When a host is selected, the scheduler will write a claim record to the compute node table; this will be the same format as the compute node record, but with negative amounts to reflect reserved consumption. Therefore, at any time, the available resources on the host is the sum of the actual resources reported by the host along with any claims on that host. However, when writing the claim, a Lightweight Transaction can be used to ensure that another thread hasn’t already claimed resources on the compute node, or that the state of that node hasn’t changed in any other way. This will greatly reduce (and possibly eliminate) the frequency of retries due to threads racing with each other.
The remaining internal communication will remain the same. API requests will be passed to the conductor, which will hand them off to the scheduler.
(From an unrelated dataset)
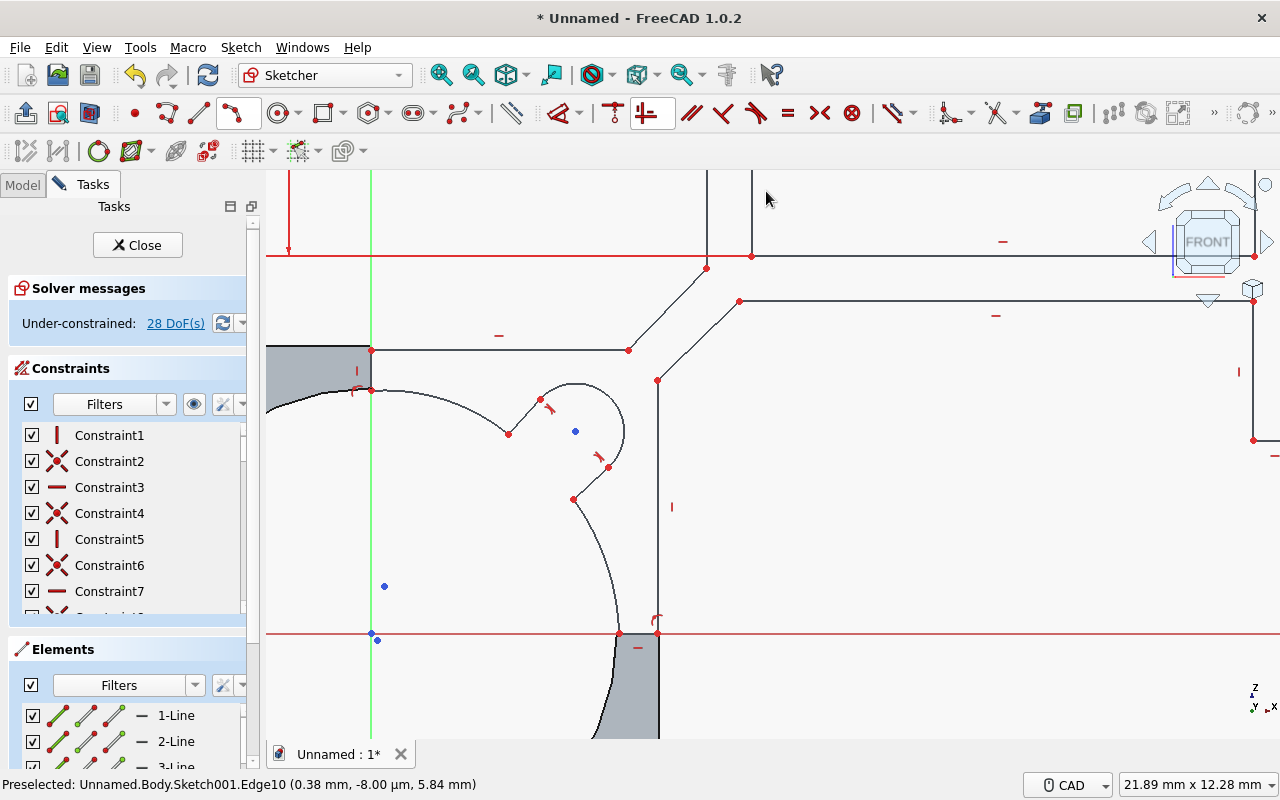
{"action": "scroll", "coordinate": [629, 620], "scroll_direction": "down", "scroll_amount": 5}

After the scheduler selects a host, it will send a message to that effect back to the conductor, which will then notify the appropriate host.
Summary
There is a distributed, reliable way to share data among disconnected systems, but for historical reasons, we do not use it. Instead, we have attempted to create a different approach and then tweak it as much as possible. It is my belief that these incremental improvements will not be sufficient to make this design work well enough, and that by making the hard decision now to change course and adopt a different design will make OpenStack better in the long run.